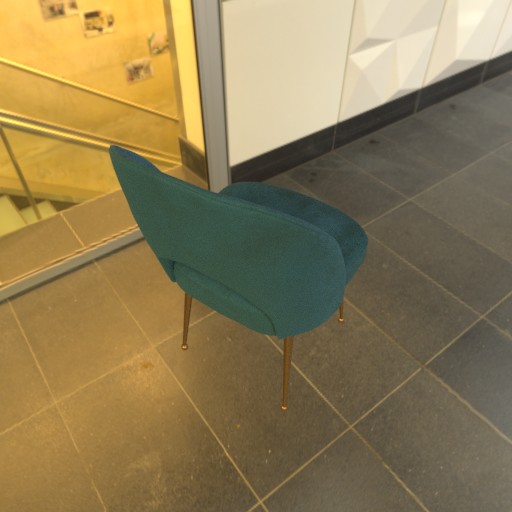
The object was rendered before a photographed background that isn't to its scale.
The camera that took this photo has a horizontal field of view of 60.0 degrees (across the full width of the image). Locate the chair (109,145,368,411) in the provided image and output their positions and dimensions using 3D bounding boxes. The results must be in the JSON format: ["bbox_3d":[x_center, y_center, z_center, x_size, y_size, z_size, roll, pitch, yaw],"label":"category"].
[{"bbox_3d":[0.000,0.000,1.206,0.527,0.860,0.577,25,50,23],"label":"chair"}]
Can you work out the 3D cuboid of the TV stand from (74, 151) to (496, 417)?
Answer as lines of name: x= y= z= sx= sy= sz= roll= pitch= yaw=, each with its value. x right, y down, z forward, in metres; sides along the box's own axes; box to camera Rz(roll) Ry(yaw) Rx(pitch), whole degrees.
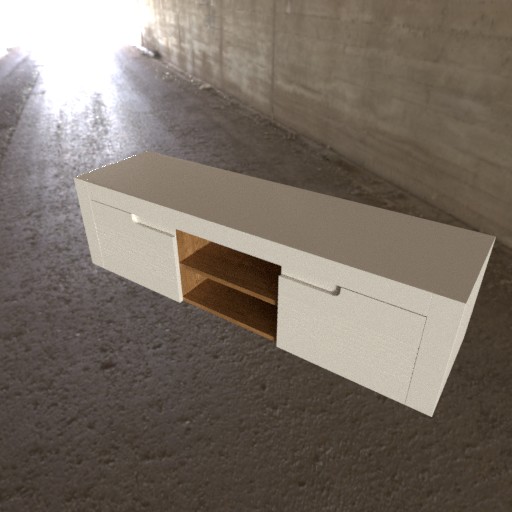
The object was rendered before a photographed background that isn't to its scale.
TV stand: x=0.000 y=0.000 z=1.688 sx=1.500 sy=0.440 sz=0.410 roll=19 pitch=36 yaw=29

**DESCRIPTION OF THE TASK**
Using the listing above, copy exactly the lines from the one that contains "Answer as lines" through its last line, both included, but not the pictures.

**EXERCISE RESULT**
Answer as lines of name: x= y= z= sx= sy= sz= roll= pitch= yaw=, each with its value. x right, y down, z forward, in metres; sides along the box's own axes; box to camera Rz(roll) Ry(yaw) Rx(pitch), whole degrees.
The object was rendered before a photographed background that isn't to its scale.
TV stand: x=0.000 y=0.000 z=1.688 sx=1.500 sy=0.440 sz=0.410 roll=19 pitch=36 yaw=29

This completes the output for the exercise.